What this task involves. Of all the lines below, return only those starting with the line holding "118.4h86.4v.7h-86.4zM214.2 118.9l.1 .2M214.3" and going on through the line holding "7.9h414.2v263.6h-414.2zM107.9 1.1v6.8M214.6 4.1h4.4l-2.2", exactly as written.

Items from a dataset
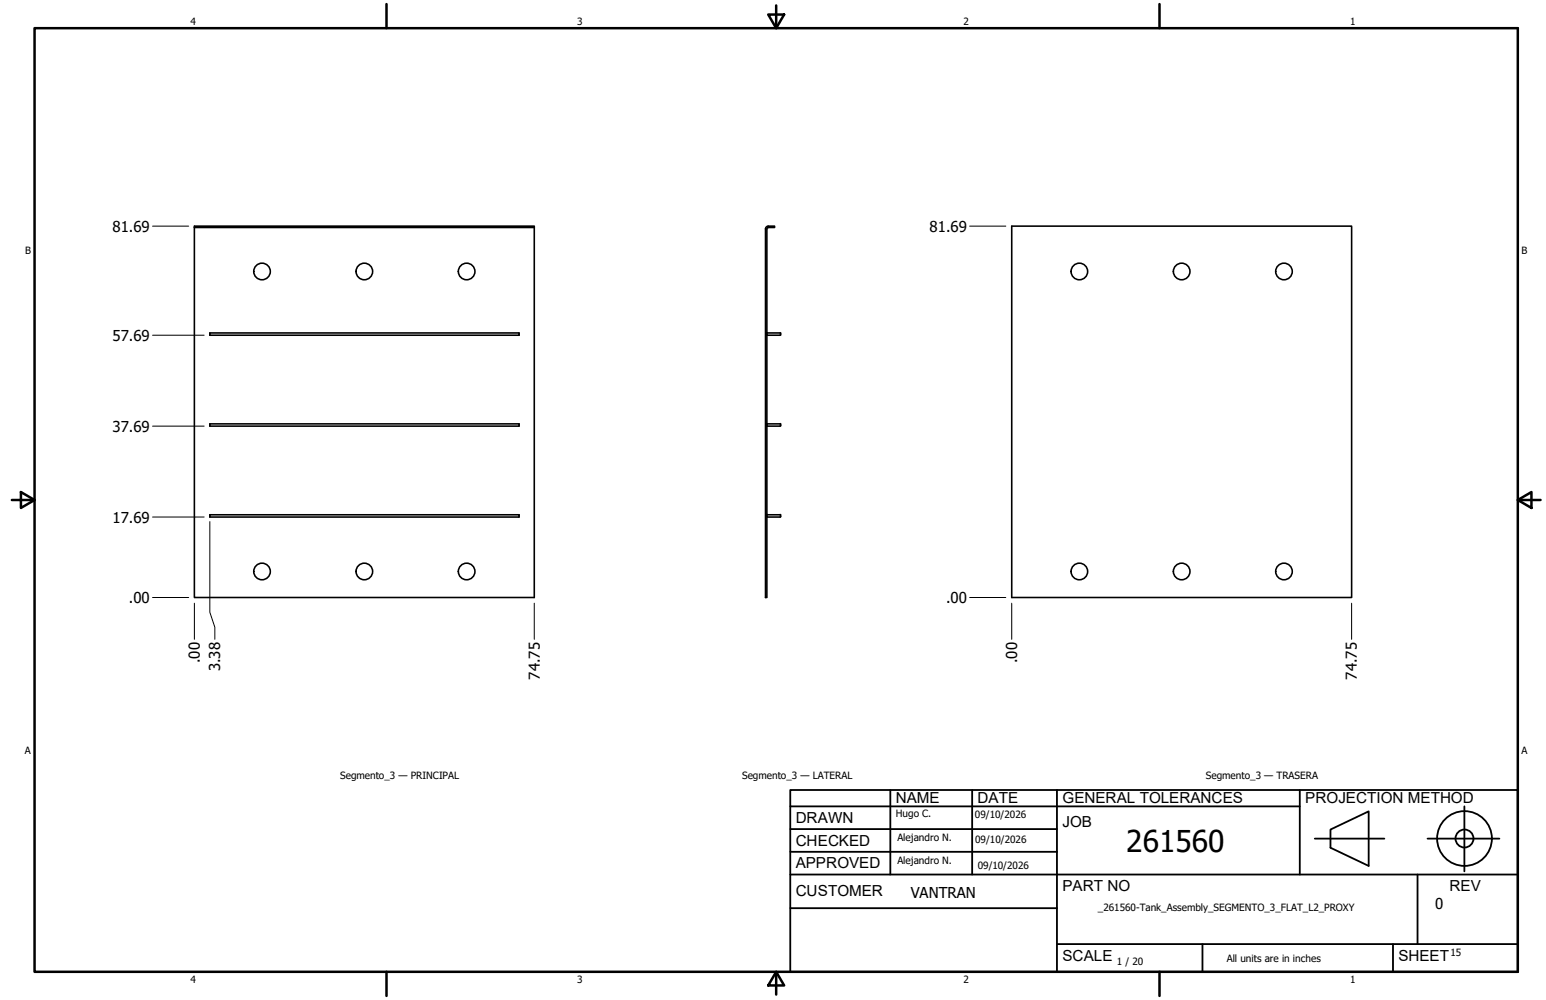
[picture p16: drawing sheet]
<svg xmlns="http://www.w3.org/2000/svg" width="432mm" height="279mm" viewBox="0 0 432 279" stroke-linecap="round" stroke-linejoin="round" font-family="sans-serif">
<defs><g id="words">
<text font-size="8.4" x="314.6" y="238.1">261560</text>
<g font-size="4.3">
<text x="250.2" y="224.2">NAME</text>
<text x="273" y="224.2">DATE</text>
<text x="296.7" y="224.3">GENERAL TOLERANCES</text>
<text x="364.6" y="224.3">PROJECTION METHOD</text>
<text x="222.2" y="229.9">DRAWN</text>
<text x="296.7" y="230.9">JOB</text>
<text x="222.2" y="236.3">CHECKED</text>
<text x="222.2" y="242.6">APPROVED</text>
<text x="222.2" y="250.3">CUSTOMER</text>
<text x="296.7" y="249">PART NO</text>
<text x="404.8" y="248.9">REV</text>
<text x="296.7" y="268.4">SCALE</text>
<text x="390.6" y="268.4">SHEET</text>
</g>
<g font-size="4.2">
<text x="31.4" y="64.7">81.69</text>
<text x="259.7" y="64.7">81.69</text>
<text x="31.4" y="95.2">57.69</text>
<text x="31.4" y="120.6">37.69</text>
<text x="31.4" y="146">17.69</text>
<text x="36" y="168.5">.00</text>
<text x="264.2" y="168.5">.00</text>
<text x="55.8" y="185.3" transform="rotate(-90 55.8 185.3)">.00</text>
<text x="284.1" y="185.3" transform="rotate(-90 284.1 185.3)">.00</text>
<text x="61.5" y="187.6" transform="rotate(-90 61.5 187.6)">3.38</text>
<text x="150.7" y="189.9" transform="rotate(-90 150.7 189.9)">74.75</text>
<text x="379" y="189.9" transform="rotate(-90 379 189.9)">74.75</text>
<text x="254.4" y="250.8">VANTRAN</text>
<text x="400.9" y="254">0</text>
</g>
<g font-size="2.8">
<text x="53.2" y="6.9">4</text>
<text x="161.2" y="6.9">3</text>
<text x="269.1" y="6.9">2</text>
<text x="377.1" y="6.9">1</text>
<text x="7" y="70.9">B</text>
<text x="424.9" y="70.9">B</text>
<text x="6.9" y="210.6">A</text>
<text x="424.9" y="210.6">A</text>
<text x="95" y="217.7">Segmento_3 — PRINCIPAL</text>
<text x="207.3" y="217.7">Segmento_3 — LATERAL</text>
<text x="336.8" y="217.7">Segmento_3 — TRASERA</text>
<text x="250.2" y="228.3">Hugo C.</text>
<text x="272.3" y="228.4">09/10/2026</text>
<text x="250.6" y="234.9">Alejandro N.</text>
<text x="272.4" y="235.6">09/10/2026</text>
<text x="250.6" y="241.5">Alejandro N.</text>
<text x="273.1" y="242.8">09/10/2026</text>
<text x="306.6" y="254.5">_261560-Tank_Assembly_SEGMENTO_3_FLAT_L2_PROXY</text>
<text x="312" y="269.7">1 / 20</text>
<text x="342.6" y="268.7">All units are in inches</text>
<text x="405.1" y="267.1">15</text>
<text x="53.2" y="274.6">4</text>
<text x="161.2" y="274.6">3</text>
<text x="269.1" y="274.6">2</text>
<text x="377.1" y="274.6">1</text>
</g>
</g></defs>
<!-- layer: Visible (ANSI) -->
<g fill="none" stroke="#000" stroke-width=".44">
<path d="M54.3 63.6v103.3h94.9v-103.3M54.3 63.2h94.9v.4h-94.9zM214 63.4l.6-.2h1.7v.4h-1.7l-.4 .4v102.9h-.4v-103zM282.6 63.2h94.9v103.7h-94.9zM58.6 93h86.4v.7h-86.4zM214.2 93.5l.1 .2M214.3 93h3.6M214.3 93.7h3.6M214.3 93l-.1 .1M217.9 93l.2 .1M218 93.2v.3M218.1 93.5l-.2 .2"/>
<path d="M58.6 118.4h86.4v.7h-86.4zM214.2 118.9l.1 .2M214.3 118.4h3.6M214.3 119.1h3.6M214.3 118.4l-.1 .1M217.9 118.4l.2 .1M218 118.6v.3M218.1 118.9l-.2 .2M58.6 143.8h86.4v.7h-86.4zM214.2 144.3l.1 .2M214.3 143.8h3.6M214.3 144.5h3.6"/>
<path d="M214.3 143.8l-.1 .1M217.9 143.8l.2 .1M218 144v.3M218.1 144.3l-.2 .2"/>
<circle cx="73.2" cy="75.9" r="2.32"/>
<circle cx="101.8" cy="75.9" r="2.32"/>
<circle cx="130.3" cy="75.9" r="2.32"/>
<circle cx="301.5" cy="75.9" r="2.32"/>
<circle cx="330" cy="75.9" r="2.32"/>
<circle cx="358.6" cy="75.9" r="2.32"/>
<circle cx="73.2" cy="159.7" r="2.32"/>
<circle cx="101.8" cy="159.7" r="2.32"/>
<circle cx="130.3" cy="159.7" r="2.32"/>
<circle cx="301.5" cy="159.7" r="2.32"/>
<circle cx="330" cy="159.7" r="2.32"/>
<circle cx="358.6" cy="159.7" r="2.32"/>
</g>
<!-- layer: Borde (ANSI) -->
<g fill="none" stroke="#000" stroke-width=".7">
<path d="M9.7 7.9h414.2v263.6h-414.2zM107.9 1.1v6.8M214.6 4.1h4.4l-2.2 3.8zM216.8 1.5v6.4M323.8 1.1v6.8M3.3 139.7h6.4M5.8 137.5l3.9 2.2-3.9 2.2zM423.9 139.7l3.8-2.2v4.4zM423.9 139.7h6.4M107.9 271.5v6.8M216.8 271.5l2.2 3.8h-4.4zM216.8 271.5v6.4"/>
<path d="M323.8 271.5v6.8"/>
</g>
<!-- layer: Title (ANSI)-1 -->
<g fill="none" stroke="#000" stroke-width=".51">
<path d="M220.7 220.7h203.2v50.8h-203.2zM220.7 225.3h142.3M220.7 231.6h74.5M220.7 238h74.5M248.7 220.7v23.6M271.5 220.7v23.6M295.2 220.7v50.8M363 220.7v23.6M367.2 234.3h19.5M371.6 231.8l10.7-5.1v15.2l-10.7-5zM398.7 234.3h20.1M409 225.3v18.2"/>
<path d="M220.7 244.3h203.2M220.7 253.7h74.5M395.9 244.3v19.5M295.2 263.8h128.7M335.9 263.8v7.7M389.1 263.8v7.7"/>
<circle cx="409" cy="234.3" r="7.7"/>
<circle cx="409" cy="234.3" r="2.51"/>
</g>
<!-- layer: Cota (ANSI) -->
<path d="M42.6 63.2h10.1M270.8 63.2h10.1M42.6 93.7h14.4M42.6 119.1h14.4M42.6 144.5h14.4M58.6 145.7v25.4l1.4 4.2v3.3M42.6 166.9h10.1M54.3 168.5v10.1M149.2 168.5v10.1M270.8 166.9h10.1M282.6 168.5v10.1M377.5 168.5v10.1" fill="none" stroke="#000" stroke-width=".28"/>
<use href="#words"/>
</svg>

Task output.
<path d="M58.6 118.4h86.4v.7h-86.4zM214.2 118.9l.1 .2M214.3 118.4h3.6M214.3 119.1h3.6M214.3 118.4l-.1 .1M217.9 118.4l.2 .1M218 118.6v.3M218.1 118.9l-.2 .2M58.6 143.8h86.4v.7h-86.4zM214.2 144.3l.1 .2M214.3 143.8h3.6M214.3 144.5h3.6"/>
<path d="M214.3 143.8l-.1 .1M217.9 143.8l.2 .1M218 144v.3M218.1 144.3l-.2 .2"/>
<circle cx="73.2" cy="75.9" r="2.32"/>
<circle cx="101.8" cy="75.9" r="2.32"/>
<circle cx="130.3" cy="75.9" r="2.32"/>
<circle cx="301.5" cy="75.9" r="2.32"/>
<circle cx="330" cy="75.9" r="2.32"/>
<circle cx="358.6" cy="75.9" r="2.32"/>
<circle cx="73.2" cy="159.7" r="2.32"/>
<circle cx="101.8" cy="159.7" r="2.32"/>
<circle cx="130.3" cy="159.7" r="2.32"/>
<circle cx="301.5" cy="159.7" r="2.32"/>
<circle cx="330" cy="159.7" r="2.32"/>
<circle cx="358.6" cy="159.7" r="2.32"/>
</g>
<!-- layer: Borde (ANSI) -->
<g fill="none" stroke="#000" stroke-width=".7">
<path d="M9.7 7.9h414.2v263.6h-414.2zM107.9 1.1v6.8M214.6 4.1h4.4l-2.2 3.8zM216.8 1.5v6.4M323.8 1.1v6.8M3.3 139.7h6.4M5.8 137.5l3.9 2.2-3.9 2.2zM423.9 139.7l3.8-2.2v4.4zM423.9 139.7h6.4M107.9 271.5v6.8M216.8 271.5l2.2 3.8h-4.4zM216.8 271.5v6.4"/>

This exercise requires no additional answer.